HSM is a concept that allows organizations to tier their data, keeping the most business-critical, frequently accessed data on the most responsive (and expensive) tier of storage, and moving less critical data to more affordable storage, including  disk, or tape. Here’s the big differentiator for HSM: when the data is moved from its original location, a “stub” file is typically left in its place. The stub file contains some of the data that’s been moved. This seems like an ideal way to move data because the application or user can go to the original location to retrieve their data even though it’s been moved. When the user or application requests the data, its return starts immediately from that stub file, while the remainder of the data is recalled from the new location. Depending on the type of storage target and its recall capabilities, users may notice a slight delay or the HSM application may time-out.

HSMs can be complex. In addition to dealing with time-out errors, they are also the only method to retrieve the moved data. Its proprietary format means that if the HSM goes down, so does access to the data. If a tremendously large file has been migrated in this way, it may be recalled without enough primary storage to hold it. Many HSM solutions have come and gone, but the HSM applications that have stood the test of time show up most often in the high-end High Performance Computing (HPC) world and are capable of integrating tape as a storage tier accessible by users or applications.

Migration

Migration holds some of the most interesting possibilities for truly opening up the world of storage options – from flash to tiered disk to tape to cloud. Most migration applications use symbolic links instead of stub files. When moving data to Tier 2 disk or highly responsive cloud, the symbolic link is left in the data’s original location to redirect the application to the new destination where the data can be accessed directly. Cloud can even become a part of semi-active data recall if users have contracted for an appropriate data access speed.  Other migration applications may actually function as a second file system and sit directly in the path of the data.  While that approach is more complex to implement, it can make data recall easier for both users and applications. All migration applications still have to deal with time-out issues if the data has been moved to a slower response tier such as long-term cloud storage or tape. That is where having object storage on the back end can be very helpful, a topic we’ll touch on in my next blog.
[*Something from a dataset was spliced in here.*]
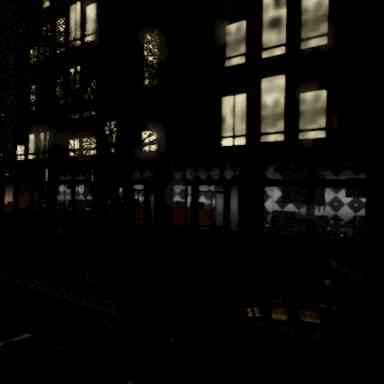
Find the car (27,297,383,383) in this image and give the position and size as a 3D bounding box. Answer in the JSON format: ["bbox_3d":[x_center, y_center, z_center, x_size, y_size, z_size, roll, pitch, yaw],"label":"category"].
[{"bbox_3d":[0.542,1.545,2.472,4.507,1.381,1.887,0,1,36],"label":"car"}]
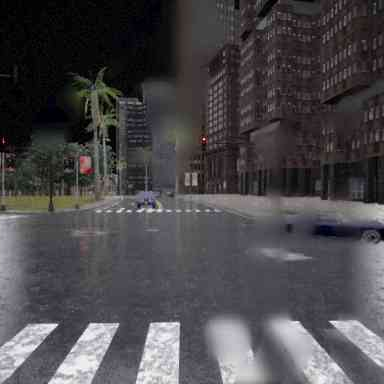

Today’s “data mover” applications allow a mix of storage mediums and approaches to be implemented. IT professionals now have many more options than the 8-inch floppy disk, but with those options come choices that require the individual caveats of each to be examined.  By determining how much data can be archived, IT professionals have significantly decreased the amount of active data they have to deal with on a daily basis. By implementing a migration approach to the remaining data, the cost and performance of each storage tier can be matched with business needs. And as a final thought – no matter how much archiving and/or migration we implement – backing up active, mission-critical data to an offline medium which is stored offsite is still the best way to avoid a system shutdown due to cyber-attack, ransomware or natural disaster.